To calculate final grades, I simply sum up the points obtained by each student (the points will sum up to some number x out of 100) and then use the following scale to determine the letter grade: [0-60] F, [60-62] D-, [63-66] D, [67-69] D+, [70-72] C-, [73-76] C, [77-79] C+, [80-82] B-, [83-86] B, [87-89] B+, [90-92] A-, [93-100] A. I do not curve the grades in any way. All fractions will be rounded up.

Cheating Policy

It's ok to ask your peers about the concepts, algorithms, or approaches needed to do the assignments. We encourage you to do so; both giving and taking advice will help you to learn. However, what you turn in must be your own, or for projects, your group's own work. Looking at or copying code or homework solutions from other people or the Web is strictly prohibited. In particular, looking at other solutions (e.g., from other groups or prior CS 3950 students) is a direct violation. Projects must be entirely the work of the students turning them in, i.e. you and your group members. If you have any questions about using a particular resource, ask the course staff or post a question to the class forum.

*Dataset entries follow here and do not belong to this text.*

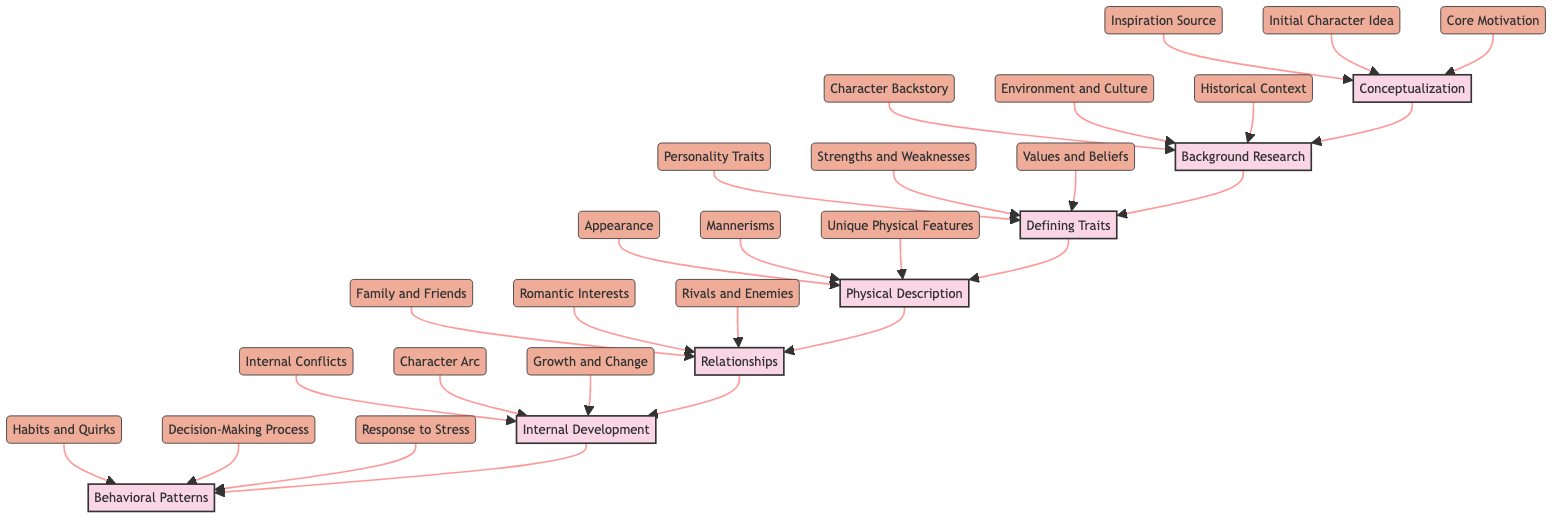What is the first stage in the diagram? The first stage listed in the flowchart is Conceptualization. This can be found at the bottom of the flowchart, indicating the beginning of the character development process.
Answer: Conceptualization How many components are in the Defining Traits stage? The Defining Traits stage has three components: Personality Traits, Strengths and Weaknesses, and Values and Beliefs. This can be counted directly from the components listed under that stage.
Answer: 3 What are the main components of the Background Research stage? The components listed for the Background Research stage are Character Backstory, Environment and Culture, and Historical Context. These can be found under the corresponding stage in the diagram.
Answer: Character Backstory, Environment and Culture, Historical Context Which stage comes after Physical Description? After Physical Description, the next stage is Relationships, as indicated by the flow of the diagram moving upwards from Physical Description to Relationships.
Answer: Relationships What is the last stage in this character development process? The last stage in the diagram is Behavioral Patterns, which is found at the top of the flowchart as the final development step.
Answer: Behavioral Patterns What components contribute to the Internal Development stage? The Internal Development stage is made up of Internal Conflicts, Character Arc, and Growth and Change. This information is directly extracted from the components listed under that stage.
Answer: Internal Conflicts, Character Arc, Growth and Change How many stages are there in total in the flowchart? There are seven stages in total in the flowchart, which can be counted from the distinct stages listed from bottom to top in the diagram.
Answer: 7 What is the relationship between Conceptualization and Behavioral Patterns? Conceptualization is the first stage, and it leads to Behavioral Patterns as the final stage, illustrating the sequential flow of character development through the diagram.
Answer: Sequential flow What is a key focus of the Defining Traits stage? The Defining Traits stage focuses on developing a character's Personality Traits, Strengths and Weaknesses, and Values and Beliefs, all essential for creating a complex character.
Answer: Personality Traits, Strengths and Weaknesses, Values and Beliefs What is the core motivation in the Conceptualization stage? The term "Core Motivation" is one of the components outlined in the Conceptualization stage, which reflects what drives the character’s actions throughout the story.
Answer: Core Motivation 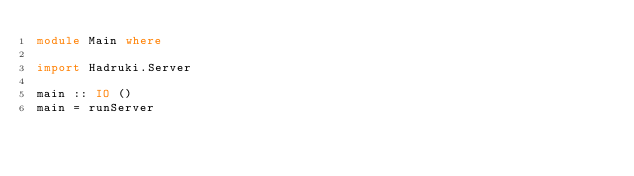Convert code to text. <code><loc_0><loc_0><loc_500><loc_500><_Haskell_>module Main where

import Hadruki.Server

main :: IO ()
main = runServer
</code> 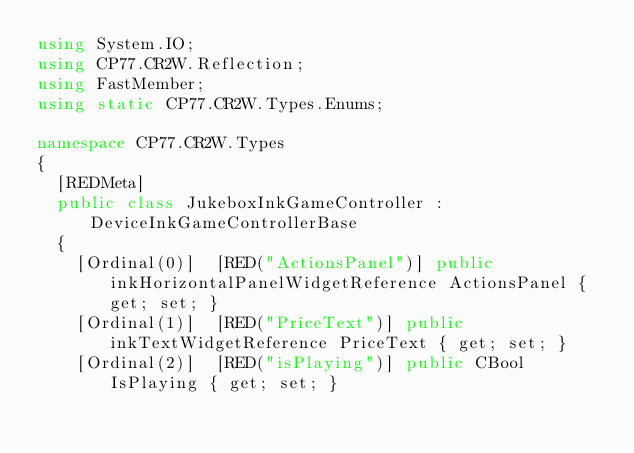<code> <loc_0><loc_0><loc_500><loc_500><_C#_>using System.IO;
using CP77.CR2W.Reflection;
using FastMember;
using static CP77.CR2W.Types.Enums;

namespace CP77.CR2W.Types
{
	[REDMeta]
	public class JukeboxInkGameController : DeviceInkGameControllerBase
	{
		[Ordinal(0)]  [RED("ActionsPanel")] public inkHorizontalPanelWidgetReference ActionsPanel { get; set; }
		[Ordinal(1)]  [RED("PriceText")] public inkTextWidgetReference PriceText { get; set; }
		[Ordinal(2)]  [RED("isPlaying")] public CBool IsPlaying { get; set; }</code>

All students are subject to the Northeastern University's Academic Integrity Policy. Per CCIS policy, all cases of suspected plagiarism or other academic dishonesty must be referred to the Office of Student Conduct and Conflict Resolution (OSCCR). This may result is deferred suspension, suspension, or expulsion from the university.

Accomodations for Students with Disabilities

If you have a disability-related need for reasonable academic accommodations in this course and have not yet met with a Disability Specialist, please visit www.northeastern.edu/drc and follow the outlined procedure to request services. If the Disability Resource Center has formally approved you for an academic accommodation in this class, please present the instructor with your "Professor Notification Letter" at your earliest convenience, so that we can address your specific needs as early as possible.

Title IX

Title IX makes it clear that violence and harassment based on sex and gender are Civil Rights offenses subject to the same kinds of accountability and the same kinds of support applied to offenses against other protected categories such as race, national origin, etc. If you or someone you know has been harassed or assaulted, you can find the appropriate resources here.